Since the original discovery of adversarial samples (Szegedy et al., 2013; Goodfellow et al., 2014) and later formulations based on optimization (Carlini & Wagner, 2016; Moosavi-Dezfooli et al., 2015) , the prevailing question was why such examples existed. The original assumption was that adversarial examples lived in low-probability pockets of the input space, and were thus never encountered during parameter optimization (Szegedy et al., 2013) . This effect was believed to be amplified by the linearity of weight activations in the presence of small perturbations (Goodfellow et al., 2014) . These assumptions were later challenged by the manifold assumption, which in summary claims that 1) the train and test sets of a model only occupy a sub-manifold of the true data, while the decision boundary lies close to samples on and beyond the sub-manifold (Tanay & Griffin, 2016), and 2) the "data geometric" view, where high-dimensional geometry of the true data manifold enables a low-probability error set to exist (Gilmer et al., 2018) . Likewise the manifold assumption describes adversarial samples as leaving the manifold, which has inspired many defenses based on projecting such samples back to the data manifold (Jalal et al., 2019; Samangouei et al., 2018a) , and adaptive attacks for foiling these defenses (Carlini et al., 2019; Carlini & Wagner, 2017; Tramer et al., 2020) .
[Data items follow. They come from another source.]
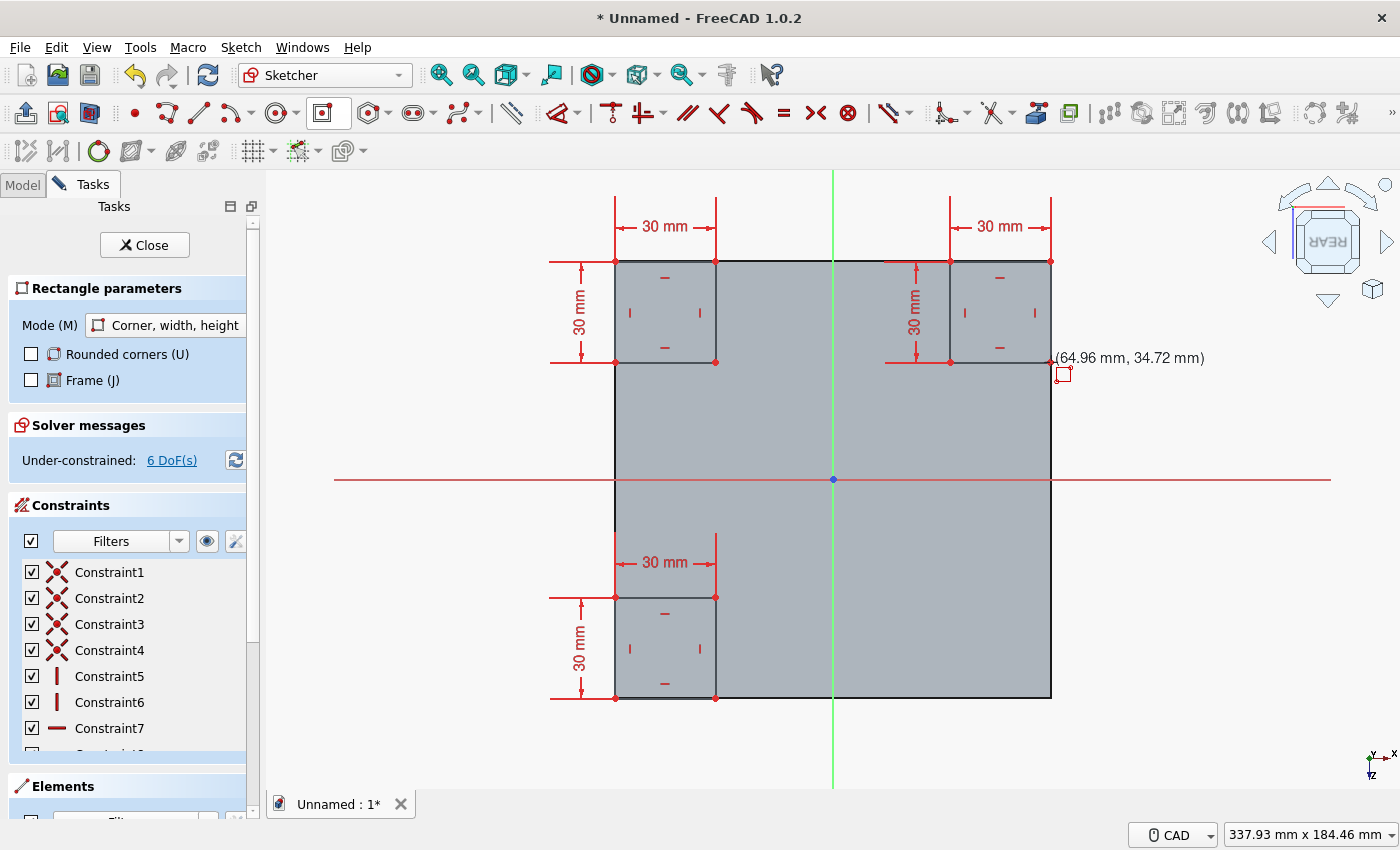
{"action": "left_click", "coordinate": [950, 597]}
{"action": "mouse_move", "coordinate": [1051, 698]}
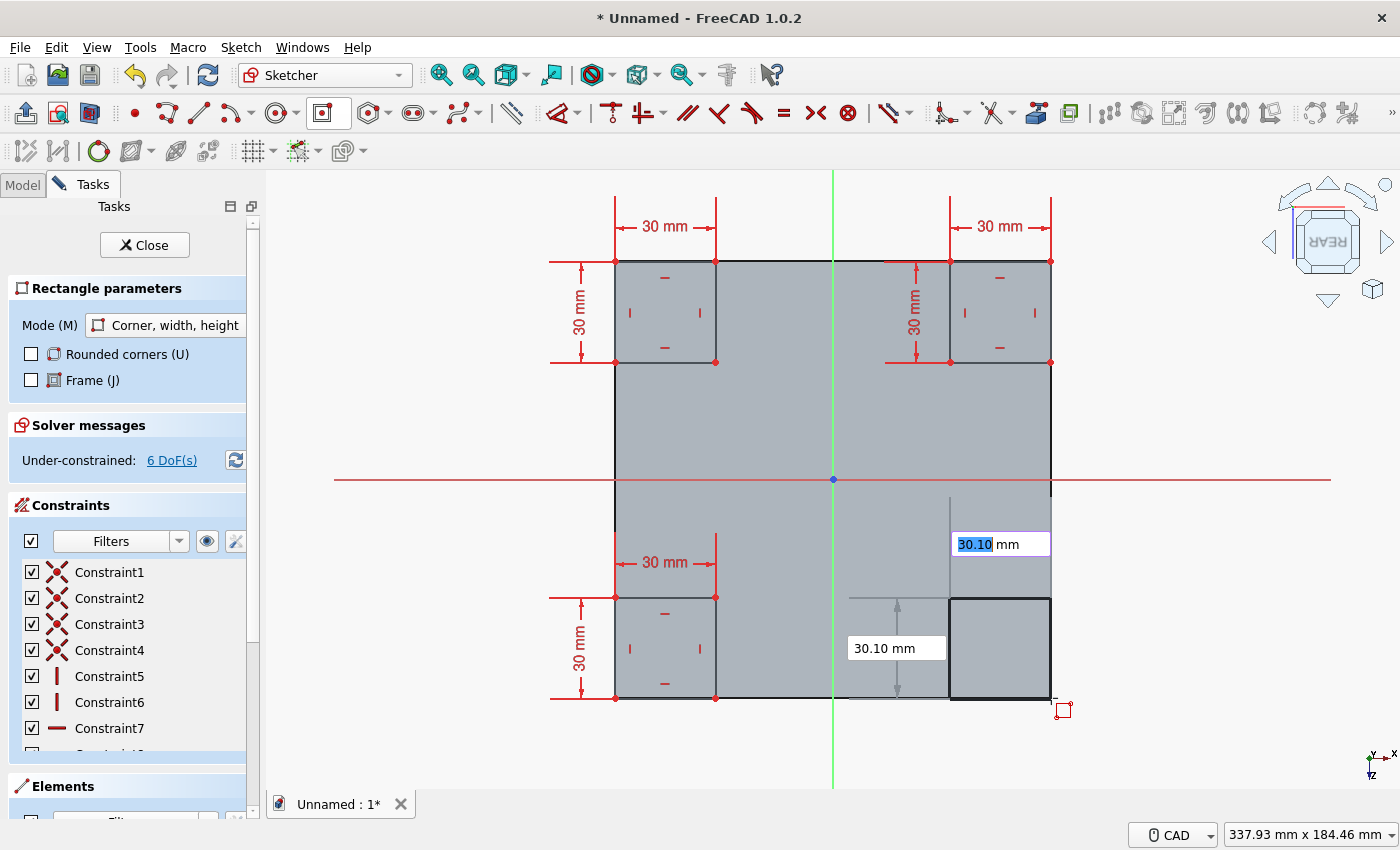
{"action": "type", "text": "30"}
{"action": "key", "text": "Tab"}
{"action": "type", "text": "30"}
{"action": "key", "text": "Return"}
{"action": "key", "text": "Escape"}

Figure 1: Our interpretation of zerothorder attack behavior in the context of boundary tilting (Tanay & Griffin, 2016): a) zeroth-order attack targeting low-level features, leaving the manifold, b) an efficient zeroth-order attack targeting mostly high-level features, floating along the manifold, and c) manifold-based zeroth-order attack next to the manifold, but sacrificing similarity.